Han-Wook Ryu scite author profile

Disruption of polyubiquitin gene Ubb leads to early-onset reactive gliosis and adult-onset hypothalamic neurodegeneration in mice. However, it remains unknown why reduced levels of ubiquitin (Ub) due to loss of Ubb lead to these neural phenotypes. To determine whether or not the defects in neurons or their progenitors per se, but not in their cellular microenvironment, are the cause of the neural phenotypes observed in Ubb−/− mice, we investigated the properties of cultured cells isolated from Ubb−/− mouse embryonic brains. Although cells were cultured under conditions promoting neuronal growth, Ubb−/− cells underwent apoptosis during culture in vitro, with increased numbers of glial cells and decreased numbers of neurons.
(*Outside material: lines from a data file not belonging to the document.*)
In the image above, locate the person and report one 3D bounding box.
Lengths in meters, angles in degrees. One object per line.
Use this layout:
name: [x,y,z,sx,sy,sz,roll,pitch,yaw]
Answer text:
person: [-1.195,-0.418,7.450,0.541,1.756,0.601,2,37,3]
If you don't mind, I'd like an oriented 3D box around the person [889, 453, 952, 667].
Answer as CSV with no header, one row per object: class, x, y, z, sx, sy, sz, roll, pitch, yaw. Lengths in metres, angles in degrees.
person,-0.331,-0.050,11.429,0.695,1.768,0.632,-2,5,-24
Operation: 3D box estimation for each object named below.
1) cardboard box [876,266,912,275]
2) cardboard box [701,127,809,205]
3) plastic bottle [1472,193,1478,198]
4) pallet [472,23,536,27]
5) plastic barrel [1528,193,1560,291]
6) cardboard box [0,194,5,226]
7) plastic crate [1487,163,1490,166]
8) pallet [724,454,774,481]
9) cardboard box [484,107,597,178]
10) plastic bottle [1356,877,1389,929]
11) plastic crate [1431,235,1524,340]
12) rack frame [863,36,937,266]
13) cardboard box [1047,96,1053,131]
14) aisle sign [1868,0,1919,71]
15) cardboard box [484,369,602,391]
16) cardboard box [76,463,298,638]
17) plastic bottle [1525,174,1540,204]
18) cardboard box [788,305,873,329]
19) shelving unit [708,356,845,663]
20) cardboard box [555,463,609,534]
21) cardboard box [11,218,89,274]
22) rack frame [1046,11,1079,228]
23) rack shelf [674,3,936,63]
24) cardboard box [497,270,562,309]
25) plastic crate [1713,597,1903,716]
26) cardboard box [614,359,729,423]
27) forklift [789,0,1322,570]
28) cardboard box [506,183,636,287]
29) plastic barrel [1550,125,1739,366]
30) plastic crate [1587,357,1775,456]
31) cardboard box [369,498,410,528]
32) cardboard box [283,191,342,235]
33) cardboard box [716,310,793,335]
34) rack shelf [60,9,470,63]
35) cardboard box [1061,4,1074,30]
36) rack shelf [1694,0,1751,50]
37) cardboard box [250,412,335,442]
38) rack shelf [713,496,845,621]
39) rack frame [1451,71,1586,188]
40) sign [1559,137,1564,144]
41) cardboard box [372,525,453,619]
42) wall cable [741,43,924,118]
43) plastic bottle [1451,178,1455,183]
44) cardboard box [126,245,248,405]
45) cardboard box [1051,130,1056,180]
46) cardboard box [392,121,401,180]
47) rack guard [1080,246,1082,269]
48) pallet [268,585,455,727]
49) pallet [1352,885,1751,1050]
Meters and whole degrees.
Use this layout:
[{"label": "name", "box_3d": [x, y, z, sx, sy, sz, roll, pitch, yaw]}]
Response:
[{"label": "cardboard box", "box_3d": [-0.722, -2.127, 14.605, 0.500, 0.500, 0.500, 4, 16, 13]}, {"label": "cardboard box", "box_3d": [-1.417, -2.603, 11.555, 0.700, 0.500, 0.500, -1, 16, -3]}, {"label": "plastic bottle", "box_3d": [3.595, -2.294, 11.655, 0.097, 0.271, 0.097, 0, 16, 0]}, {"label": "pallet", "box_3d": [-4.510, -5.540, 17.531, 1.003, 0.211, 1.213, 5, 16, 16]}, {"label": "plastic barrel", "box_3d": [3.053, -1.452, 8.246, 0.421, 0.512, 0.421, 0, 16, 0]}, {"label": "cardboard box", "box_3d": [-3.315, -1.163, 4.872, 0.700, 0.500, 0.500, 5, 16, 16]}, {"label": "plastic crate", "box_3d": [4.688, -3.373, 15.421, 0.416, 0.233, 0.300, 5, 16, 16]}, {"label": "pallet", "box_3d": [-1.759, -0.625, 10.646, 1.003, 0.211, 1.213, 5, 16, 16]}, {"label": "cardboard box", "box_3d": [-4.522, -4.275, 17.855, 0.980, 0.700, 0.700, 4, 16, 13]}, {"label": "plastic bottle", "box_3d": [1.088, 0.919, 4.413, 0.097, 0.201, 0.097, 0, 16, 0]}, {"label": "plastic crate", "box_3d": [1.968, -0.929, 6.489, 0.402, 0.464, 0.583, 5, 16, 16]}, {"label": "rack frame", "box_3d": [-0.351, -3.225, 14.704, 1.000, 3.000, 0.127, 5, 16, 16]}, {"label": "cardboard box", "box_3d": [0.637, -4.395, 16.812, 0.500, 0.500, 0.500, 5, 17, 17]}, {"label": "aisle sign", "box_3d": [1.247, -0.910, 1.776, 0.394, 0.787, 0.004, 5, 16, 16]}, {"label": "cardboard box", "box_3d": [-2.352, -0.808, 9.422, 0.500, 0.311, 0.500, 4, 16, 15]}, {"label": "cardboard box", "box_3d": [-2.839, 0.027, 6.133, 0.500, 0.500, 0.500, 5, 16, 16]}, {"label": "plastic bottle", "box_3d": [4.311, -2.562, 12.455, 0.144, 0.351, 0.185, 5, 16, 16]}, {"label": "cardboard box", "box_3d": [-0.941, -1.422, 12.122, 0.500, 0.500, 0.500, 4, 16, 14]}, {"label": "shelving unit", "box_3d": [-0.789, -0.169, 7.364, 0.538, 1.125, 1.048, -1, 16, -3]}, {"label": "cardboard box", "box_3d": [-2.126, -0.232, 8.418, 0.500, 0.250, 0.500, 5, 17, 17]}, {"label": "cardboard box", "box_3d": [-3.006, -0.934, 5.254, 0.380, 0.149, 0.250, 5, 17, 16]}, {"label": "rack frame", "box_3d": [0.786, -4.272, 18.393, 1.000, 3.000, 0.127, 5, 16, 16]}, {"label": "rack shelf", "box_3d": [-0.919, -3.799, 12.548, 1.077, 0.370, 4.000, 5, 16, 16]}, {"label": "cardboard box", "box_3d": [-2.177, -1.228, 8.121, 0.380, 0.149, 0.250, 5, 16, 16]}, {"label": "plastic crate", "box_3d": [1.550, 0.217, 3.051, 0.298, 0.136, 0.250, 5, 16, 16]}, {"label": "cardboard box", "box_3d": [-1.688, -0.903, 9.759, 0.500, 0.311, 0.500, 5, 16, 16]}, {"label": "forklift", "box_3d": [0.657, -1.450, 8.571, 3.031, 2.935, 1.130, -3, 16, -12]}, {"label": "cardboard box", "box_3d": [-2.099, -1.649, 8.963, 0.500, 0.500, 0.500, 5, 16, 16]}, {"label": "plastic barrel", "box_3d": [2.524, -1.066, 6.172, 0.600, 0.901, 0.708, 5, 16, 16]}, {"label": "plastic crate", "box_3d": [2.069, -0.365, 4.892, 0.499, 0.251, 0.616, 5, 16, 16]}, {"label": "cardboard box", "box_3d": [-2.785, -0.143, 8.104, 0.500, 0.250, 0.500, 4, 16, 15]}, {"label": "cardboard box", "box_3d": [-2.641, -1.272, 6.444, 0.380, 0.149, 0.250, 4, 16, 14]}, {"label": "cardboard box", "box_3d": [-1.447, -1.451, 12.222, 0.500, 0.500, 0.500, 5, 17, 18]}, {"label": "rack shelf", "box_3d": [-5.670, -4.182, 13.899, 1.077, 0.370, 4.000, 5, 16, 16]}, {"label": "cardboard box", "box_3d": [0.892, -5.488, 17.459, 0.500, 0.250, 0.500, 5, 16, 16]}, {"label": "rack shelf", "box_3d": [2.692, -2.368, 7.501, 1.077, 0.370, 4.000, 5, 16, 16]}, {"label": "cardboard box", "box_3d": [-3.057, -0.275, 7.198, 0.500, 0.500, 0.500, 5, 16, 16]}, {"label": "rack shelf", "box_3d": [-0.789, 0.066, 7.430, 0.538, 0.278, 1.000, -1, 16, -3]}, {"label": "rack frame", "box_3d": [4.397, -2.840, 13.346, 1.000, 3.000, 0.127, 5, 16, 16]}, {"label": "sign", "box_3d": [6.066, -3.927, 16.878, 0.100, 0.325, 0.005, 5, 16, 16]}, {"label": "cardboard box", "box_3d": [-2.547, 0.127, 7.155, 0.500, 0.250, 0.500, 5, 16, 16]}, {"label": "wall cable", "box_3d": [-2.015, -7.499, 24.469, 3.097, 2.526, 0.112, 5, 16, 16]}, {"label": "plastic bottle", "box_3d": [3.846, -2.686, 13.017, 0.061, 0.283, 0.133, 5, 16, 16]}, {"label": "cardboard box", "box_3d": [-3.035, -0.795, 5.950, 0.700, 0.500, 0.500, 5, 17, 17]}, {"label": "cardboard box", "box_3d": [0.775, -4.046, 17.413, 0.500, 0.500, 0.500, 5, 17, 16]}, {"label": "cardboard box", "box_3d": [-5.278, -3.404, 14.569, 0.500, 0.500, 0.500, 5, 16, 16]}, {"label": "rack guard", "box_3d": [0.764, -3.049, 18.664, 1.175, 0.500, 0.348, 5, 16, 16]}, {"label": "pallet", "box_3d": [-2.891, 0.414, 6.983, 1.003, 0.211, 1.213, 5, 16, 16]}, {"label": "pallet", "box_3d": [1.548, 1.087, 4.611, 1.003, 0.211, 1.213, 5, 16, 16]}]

Intriguingly, at the beginning of the Ubb−/− cell culture, the number of neural stem cells (NSCs) significantly decreased due to their reduced proliferation and their premature differentiation into glial cells. Furthermore, upregulation of Notch target genes due to increased steady-state levels of Notch intracellular domain (NICD) led to the dramatic reduction of proneuronal gene expression in Ubb−/− cells, resulting in inhibition of neurogenesis and promotion of gliogenesis. Therefore, our study suggests an unprecedented role for cellular Ub pools in determining the fate and self-renewal of NSCs.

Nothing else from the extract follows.